The Bay County Building is a government building located at 515 Center Avenue in Bay City, Michigan. It was listed on the National Register of Historic Places in 1982.

==History==
Bay County was founded in 1858. The first courthouse was a small clapboard structure at the foot of Fourth Street in Bay City. In 1867, this had grown too small, and a new courthouse was erected at this location, opening in 1868. By the late 1920s, however, Judge Samuel G. Houghton was campaigning for a new courthouse. In 1931, voters approved, and in 1932 the county Board of Supervisors selected local architect Joseph C. Goddeyne to design the building and Bay City Stone Company to construct it. The project began in 1932 with the clearing of the site and the demolition of the old courthouse. The cornerstone for the new courthouse was laid on April 13, 1933. The building was completed in 1934. The building is still used by the county.

==Description==
The Bay County Building is an eight-story steel-framed Art Deco structure sheathed in limestone and granite.

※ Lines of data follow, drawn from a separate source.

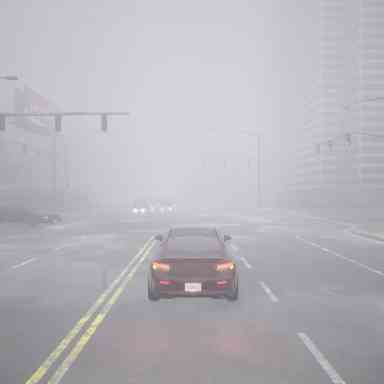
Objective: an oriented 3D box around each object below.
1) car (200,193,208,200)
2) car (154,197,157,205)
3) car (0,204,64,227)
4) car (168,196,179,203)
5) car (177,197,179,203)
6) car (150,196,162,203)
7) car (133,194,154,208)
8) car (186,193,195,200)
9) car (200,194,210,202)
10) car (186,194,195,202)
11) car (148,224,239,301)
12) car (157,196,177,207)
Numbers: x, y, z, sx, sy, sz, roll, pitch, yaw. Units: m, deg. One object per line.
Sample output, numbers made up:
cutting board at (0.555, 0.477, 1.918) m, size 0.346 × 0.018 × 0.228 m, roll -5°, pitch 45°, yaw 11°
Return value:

The main facade has an entry portico on the slightly projecting main bay with three deeply set doorways with classic Art Deco surrounds. Piers rise above from the weighted lower section, and the upper levels are stepped back. The center bay has three trabeated windows in simple metal frames on each floor. Three-story side bays with stacks of windows flank the center. The side facades are similar, with a weighed base and three stories above with trabeated windows. The higher floors are stepped back. One side has an entryway.

On the interior, the front foyer and first floor corridor have molded edge marble panels lining the walls and a decoratively colored, tile-edged terrazzo
floor. Above, a wide plaster painted fascia runs along the top. The probate and circuit courtrooms have plaster walls with paneled oak wainscoting and a speaker's dais constructed of the same deep-stained oak.